Exact closed-form solutions for Lamb's problem (II): a moving point load

TL;DR

This paper derives an exact closed-form solution for the displacement caused by a moving point load on an elastic half-space, extending Lamb's problem to include moving loads, with potential applications in high-speed rail analysis.

Contribution

It provides the first explicit closed-form solution for a moving point load in Lamb's problem, expanding the classical static case to dynamic moving loads.

Findings

Closed-form solutions match numerical results, confirming accuracy.

Solution expressed with elementary functions and elliptic integrals.

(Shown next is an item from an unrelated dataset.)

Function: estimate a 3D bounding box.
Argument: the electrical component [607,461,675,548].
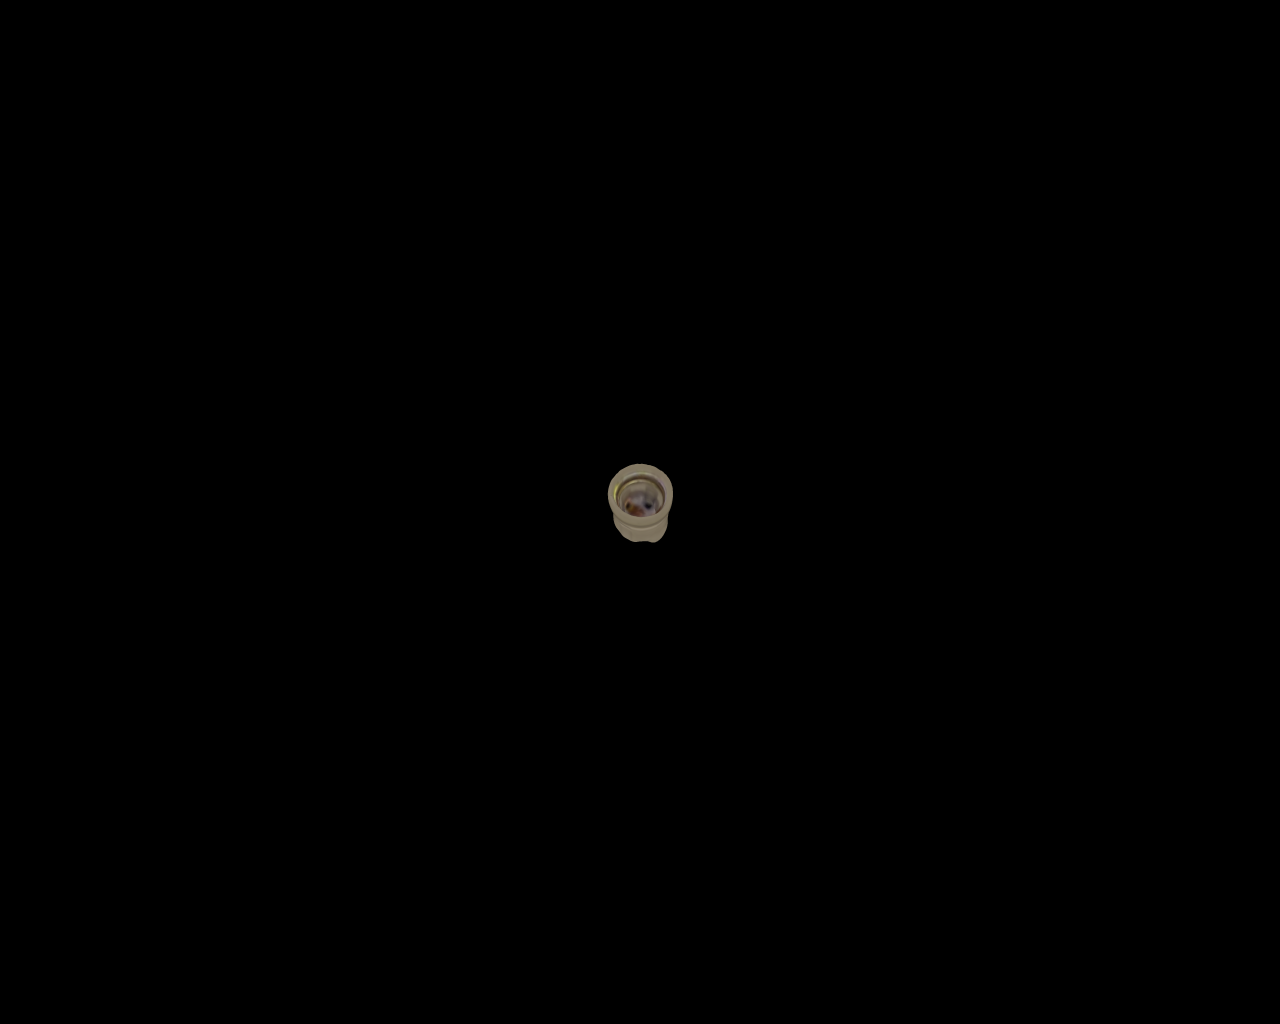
[{"bbox_3d":[0.001,-0.003,0.650,0.040,0.040,0.046,0,-27,0],"label":"electrical component"}]

Foundation for analyzing real-world moving loads like high-speed trains.

Abstract

In this article, we report on an exact closed-form solution for the displacement in an elastic homogeneous half-space elicited by a downward vertical point source moving with constant velocity over the surface of the medium. The problem considered here is an extension to Lamb's problem. Starting with the integral solutions of Bakker \textit{et al.}, we followed the method developed in Feng and Zhang, which focuses on the displacement triggered by a fixed point source observed on the free surface, to obtain the final solution in terms of elementary algebraic functions as well as elliptic integrals of the first, second and third kind. Our closed-form results agree perfectly with the numerical results of Bakker \textit{et al.}, which confirms the correctness of our formulas. The solution obtained in this article may lay a solid foundation for further consideration of the response of an actual physical moving load, such as a high-speed rail train.